== DIRECTIONS FOR THIS TASK ==
If a line in the listing below has the string "Mutluer", copy it out.

== RECORDS FOR THIS EXERCISE ==
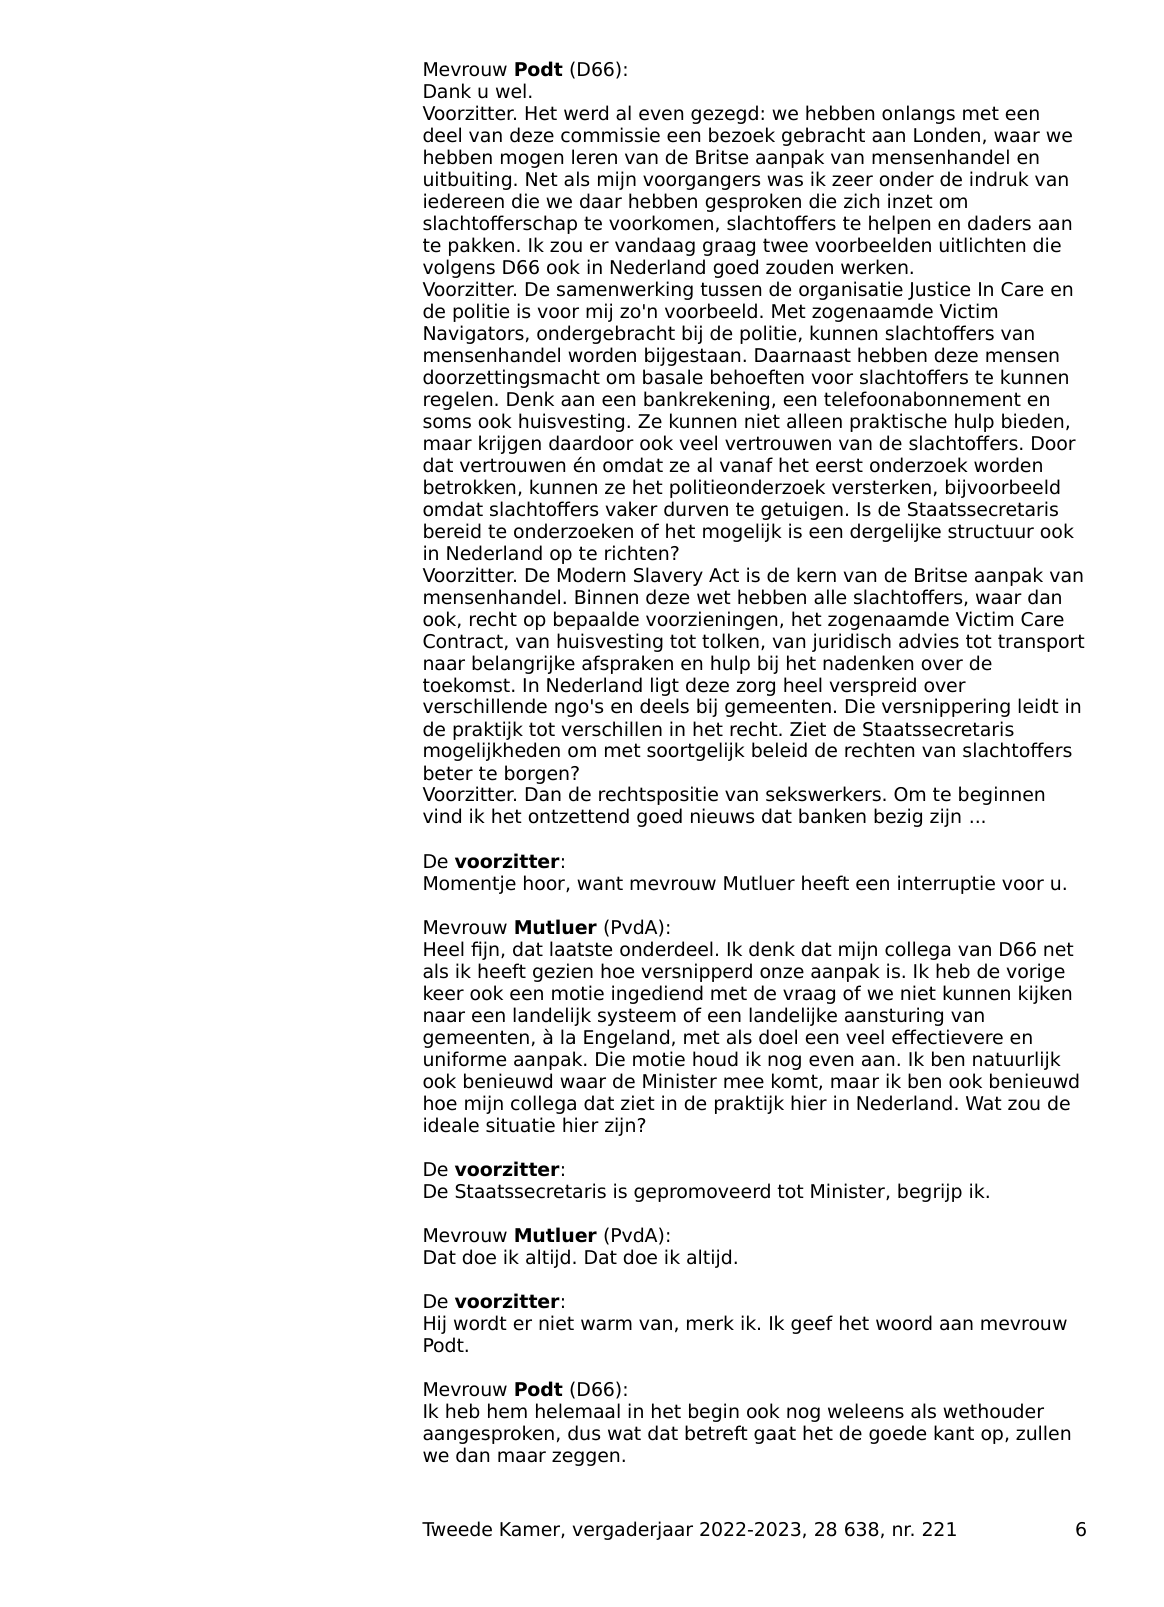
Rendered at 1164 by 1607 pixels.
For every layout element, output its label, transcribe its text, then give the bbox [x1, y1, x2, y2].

text De voorzitter: [422, 851, 1087, 872]
text Dank u wel. [422, 81, 1087, 103]
text Mevrouw Podt (D66): [422, 1379, 1087, 1401]
text Ik heb hem helemaal in het begin ook nog weleens als wethouder aangesproken, dus wat dat betreft gaat het de goede kant op, zullen we dan maar zeggen. [422, 1401, 1087, 1467]
text Heel fijn, dat laatste onderdeel. Ik denk dat mijn collega van D66 net als ik heeft gezien hoe versnipperd onze aanpak is. Ik heb de vorige keer ook een motie ingediend met de vraag of we niet kunnen kijken naar een landelijk systeem of een landelijke aansturing van gemeenten, à la Engeland, met als doel een veel effectievere en uniforme aanpak. Die motie houd ik nog even aan. Ik ben natuurlijk ook benieuwd waar de Minister mee komt, maar ik ben ook benieuwd hoe mijn collega dat ziet in de praktijk hier in Nederland. Wat zou de ideale situatie hier zijn? [422, 939, 1087, 1136]
text Momentje hoor, want mevrouw Mutluer heeft een interruptie voor u. [422, 872, 1087, 894]
text Voorzitter. De Modern Slavery Act is de kern van de Britse aanpak van mensenhandel. Binnen deze wet hebben alle slachtoffers, waar dan ook, recht op bepaalde voorzieningen, het zogenaamde Victim Care Contract, van huisvesting tot tolken, van juridisch advies tot transport naar belangrijke afspraken en hulp bij het nadenken over de toekomst. In Nederland ligt deze zorg heel verspreid over verschillende ngo's en deels bij gemeenten. Die versnippering leidt in de praktijk tot verschillen in het recht. Ziet de Staatssecretaris mogelijkheden om met soortgelijk beleid de rechten van slachtoffers beter te borgen? [422, 564, 1087, 784]
text De voorzitter: [422, 1291, 1087, 1313]
text Mevrouw Podt (D66): [422, 59, 1087, 81]
text Hij wordt er niet warm van, merk ik. Ik geef het woord aan mevrouw Podt. [422, 1313, 1087, 1357]
text Dat doe ik altijd. Dat doe ik altijd. [422, 1247, 1087, 1269]
text Mevrouw Mutluer (PvdA): [422, 1225, 1087, 1247]
text Mevrouw Mutluer (PvdA): [422, 917, 1087, 939]
text Voorzitter. Het werd al even gezegd: we hebben onlangs met een deel van deze commissie een bezoek gebracht aan Londen, waar we hebben mogen leren van de Britse aanpak van mensenhandel en uitbuiting. Net als mijn voorgangers was ik zeer onder de indruk van iedereen die we daar hebben gesproken die zich inzet om slachtofferschap te voorkomen, slachtoffers te helpen en daders aan te pakken. Ik zou er vandaag graag twee voorbeelden uitlichten die volgens D66 ook in Nederland goed zouden werken. [422, 103, 1087, 279]
text Voorzitter. Dan de rechtspositie van sekswerkers. Om te beginnen vind ik het ontzettend goed nieuws dat banken bezig zijn ... [422, 784, 1087, 828]
text De voorzitter: [422, 1159, 1087, 1181]
text Voorzitter. De samenwerking tussen de organisatie Justice In Care en de politie is voor mij zo'n voorbeeld. Met zogenaamde Victim Navigators, ondergebracht bij de politie, kunnen slachtoffers van mensenhandel worden bijgestaan. Daarnaast hebben deze mensen doorzettingsmacht om basale behoeften voor slachtoffers te kunnen regelen. Denk aan een bankrekening, een telefoonabonnement en soms ook huisvesting. Ze kunnen niet alleen praktische hulp bieden, maar krijgen daardoor ook veel vertrouwen van de slachtoffers. Door dat vertrouwen én omdat ze al vanaf het eerst onderzoek worden betrokken, kunnen ze het politieonderzoek versterken, bijvoorbeeld omdat slachtoffers vaker durven te getuigen. Is de Staatssecretaris bereid te onderzoeken of het mogelijk is een dergelijke structuur ook in Nederland op te richten? [422, 279, 1087, 564]
text De Staatssecretaris is gepromoveerd tot Minister, begrijp ik. [422, 1181, 1087, 1203]

== THE ANSWER ==
text Momentje hoor, want mevrouw Mutluer heeft een interruptie voor u. [422, 872, 1087, 894]
text Mevrouw Mutluer (PvdA): [422, 1225, 1087, 1247]
text Mevrouw Mutluer (PvdA): [422, 917, 1087, 939]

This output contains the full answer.